### Exercise directions
Below are records; quote them exactly from the first line through the line that contains "Write the answer".

Items from a dataset
┌────────

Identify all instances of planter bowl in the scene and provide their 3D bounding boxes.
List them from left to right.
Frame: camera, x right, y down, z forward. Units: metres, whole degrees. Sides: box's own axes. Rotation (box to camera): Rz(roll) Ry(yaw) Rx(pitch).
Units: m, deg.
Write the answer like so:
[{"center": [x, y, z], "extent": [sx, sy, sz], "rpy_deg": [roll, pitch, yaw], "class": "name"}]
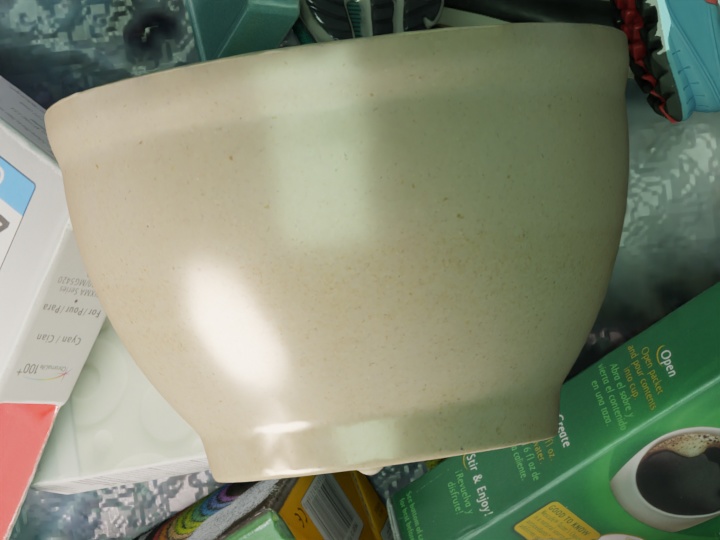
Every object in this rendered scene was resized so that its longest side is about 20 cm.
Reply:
[{"center": [0.000, 0.000, 0.837], "extent": [0.200, 0.200, 0.135], "rpy_deg": [-8, 88, 11], "class": "planter bowl"}]

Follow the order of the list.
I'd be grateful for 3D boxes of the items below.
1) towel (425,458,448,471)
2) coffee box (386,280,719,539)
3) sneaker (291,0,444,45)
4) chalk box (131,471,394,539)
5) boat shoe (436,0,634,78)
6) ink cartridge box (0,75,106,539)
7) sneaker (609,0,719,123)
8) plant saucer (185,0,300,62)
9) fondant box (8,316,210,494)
[{"center": [0.130, 0.057, 0.982], "extent": [0.200, 0.018, 0.086], "rpy_deg": [-29, 134, 14], "class": "towel"}, {"center": [0.125, 0.076, 0.955], "extent": [0.200, 0.044, 0.123], "rpy_deg": [-36, 133, 20], "class": "coffee box"}, {"center": [-0.026, -0.139, 0.913], "extent": [0.077, 0.200, 0.080], "rpy_deg": [2, 136, -29], "class": "sneaker"}, {"center": [-0.071, 0.176, 1.006], "extent": [0.200, 0.125, 0.124], "rpy_deg": [-33, 95, 16], "class": "chalk box"}, {"center": [0.065, -0.115, 0.939], "extent": [0.200, 0.072, 0.068], "rpy_deg": [18, 96, 15], "class": "boat shoe"}, {"center": [-0.185, 0.000, 0.973], "extent": [0.200, 0.045, 0.176], "rpy_deg": [36, 109, 36], "class": "ink cartridge box"}, {"center": [0.127, -0.158, 0.863], "extent": [0.095, 0.079, 0.200], "rpy_deg": [-12, 105, -6], "class": "sneaker"}, {"center": [-0.060, -0.164, 0.879], "extent": [0.019, 0.070, 0.200], "rpy_deg": [-6, 70, -23], "class": "plant saucer"}, {"center": [-0.043, 0.001, 0.971], "extent": [0.200, 0.058, 0.144], "rpy_deg": [-11, 79, 11], "class": "fondant box"}]
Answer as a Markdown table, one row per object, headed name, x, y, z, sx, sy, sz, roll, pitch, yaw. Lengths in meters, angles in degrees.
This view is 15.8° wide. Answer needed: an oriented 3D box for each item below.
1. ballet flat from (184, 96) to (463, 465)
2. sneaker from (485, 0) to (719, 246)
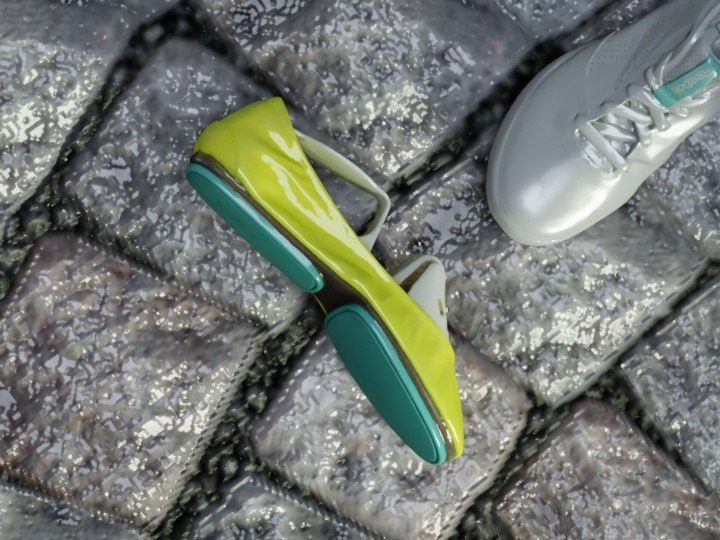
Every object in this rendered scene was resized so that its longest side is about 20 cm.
| name | x | y | z | sx | sy | sz | roll | pitch | yaw |
| --- | --- | --- | --- | --- | --- | --- | --- | --- | --- |
| ballet flat | 0.000 | 0.000 | 1.245 | 0.067 | 0.067 | 0.200 | -43 | 99 | -19 |
| sneaker | 0.144 | -0.089 | 1.253 | 0.200 | 0.088 | 0.075 | -42 | 101 | -6 |
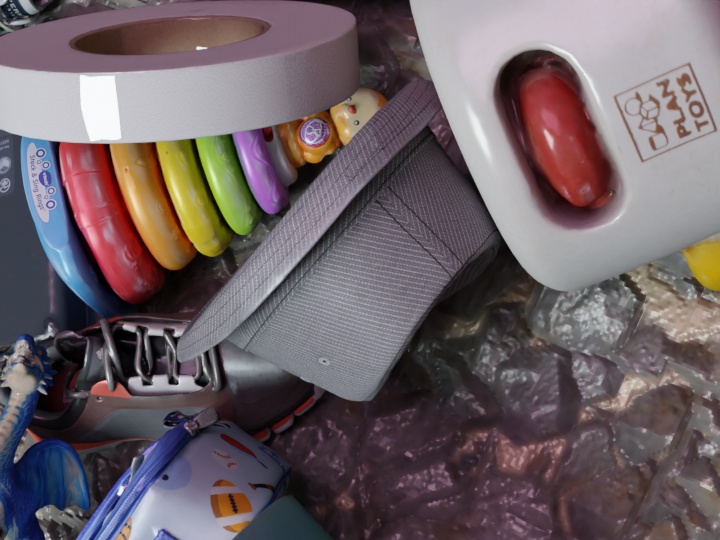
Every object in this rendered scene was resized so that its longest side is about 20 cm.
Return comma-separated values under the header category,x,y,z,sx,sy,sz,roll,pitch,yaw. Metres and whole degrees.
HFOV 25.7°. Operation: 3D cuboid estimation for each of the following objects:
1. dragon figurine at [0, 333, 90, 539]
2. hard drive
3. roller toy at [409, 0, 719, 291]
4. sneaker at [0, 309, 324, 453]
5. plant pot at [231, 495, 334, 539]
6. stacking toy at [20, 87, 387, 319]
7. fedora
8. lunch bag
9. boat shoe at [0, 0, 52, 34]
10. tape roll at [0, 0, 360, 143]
category,x,y,z,sx,sy,sz,roll,pitch,yaw
dragon figurine,-0.181,0.119,0.829,0.058,0.201,0.100,7,46,18
hard drive,-0.231,-0.035,0.955,0.138,0.033,0.202,-15,67,23
roller toy,0.116,-0.093,0.729,0.139,0.182,0.202,-22,66,15
sneaker,-0.111,0.057,0.843,0.198,0.082,0.078,-15,68,18
plant pot,-0.032,0.228,0.693,0.161,0.201,0.201,38,91,10
stacking toy,-0.075,-0.056,0.866,0.198,0.110,0.117,-19,67,6
fedora,0.000,0.000,0.753,0.090,0.200,0.177,43,61,-3
lunch bag,-0.112,0.156,0.764,0.075,0.160,0.201,35,96,4
boat shoe,-0.223,-0.182,0.972,0.200,0.074,0.067,-42,64,1
tape roll,-0.099,-0.109,0.836,0.201,0.203,0.037,5,110,26
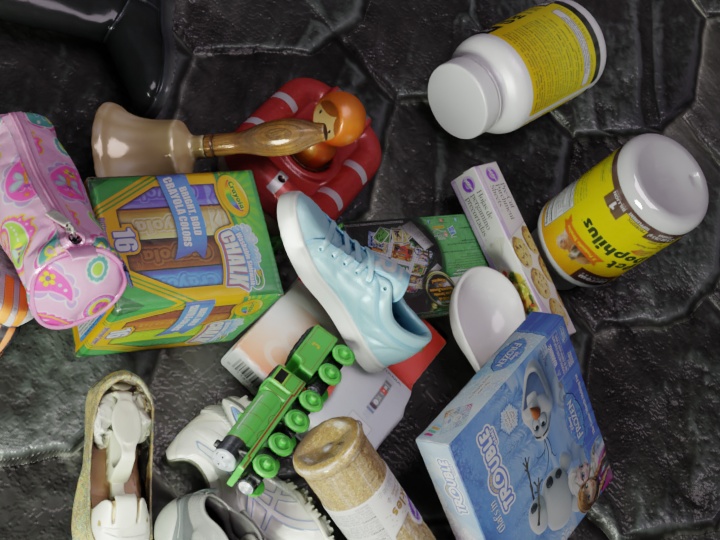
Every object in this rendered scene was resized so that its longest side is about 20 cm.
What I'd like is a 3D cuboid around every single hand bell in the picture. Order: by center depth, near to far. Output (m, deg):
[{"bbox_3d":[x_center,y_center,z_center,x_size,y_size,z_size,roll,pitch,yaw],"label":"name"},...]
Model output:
[{"bbox_3d":[-0.127,-0.111,1.190,0.199,0.104,0.105,-6,64,13],"label":"hand bell"}]

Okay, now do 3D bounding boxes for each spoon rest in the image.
[{"bbox_3d":[0.121,0.093,1.304,0.099,0.060,0.201,21,69,-35],"label":"spoon rest"}]

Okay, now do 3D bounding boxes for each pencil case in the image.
[{"bbox_3d":[-0.252,-0.045,1.063,0.087,0.088,0.200,-5,42,-31],"label":"pencil case"}]

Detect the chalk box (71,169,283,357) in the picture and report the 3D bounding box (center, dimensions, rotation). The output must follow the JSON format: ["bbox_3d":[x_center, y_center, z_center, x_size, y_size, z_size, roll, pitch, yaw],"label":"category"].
[{"bbox_3d":[-0.152,-0.007,1.180,0.199,0.125,0.124,-4,69,-30],"label":"chalk box"}]

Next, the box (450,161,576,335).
[{"bbox_3d":[0.158,-0.014,1.383,0.041,0.039,0.201,-14,77,-44],"label":"box"}]

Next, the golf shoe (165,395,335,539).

└────────

### The answer
Identify all instances of planter bowl in the scene and provide their 3D bounding boxes.
List them from left to right.
Frame: camera, x right, y down, z forward. Units: metres, whole degrees. Sides: box's own axes. Rotation (box to camera): Rz(roll) Ry(yaw) Rx(pitch).
Units: m, deg.
Write the answer like so:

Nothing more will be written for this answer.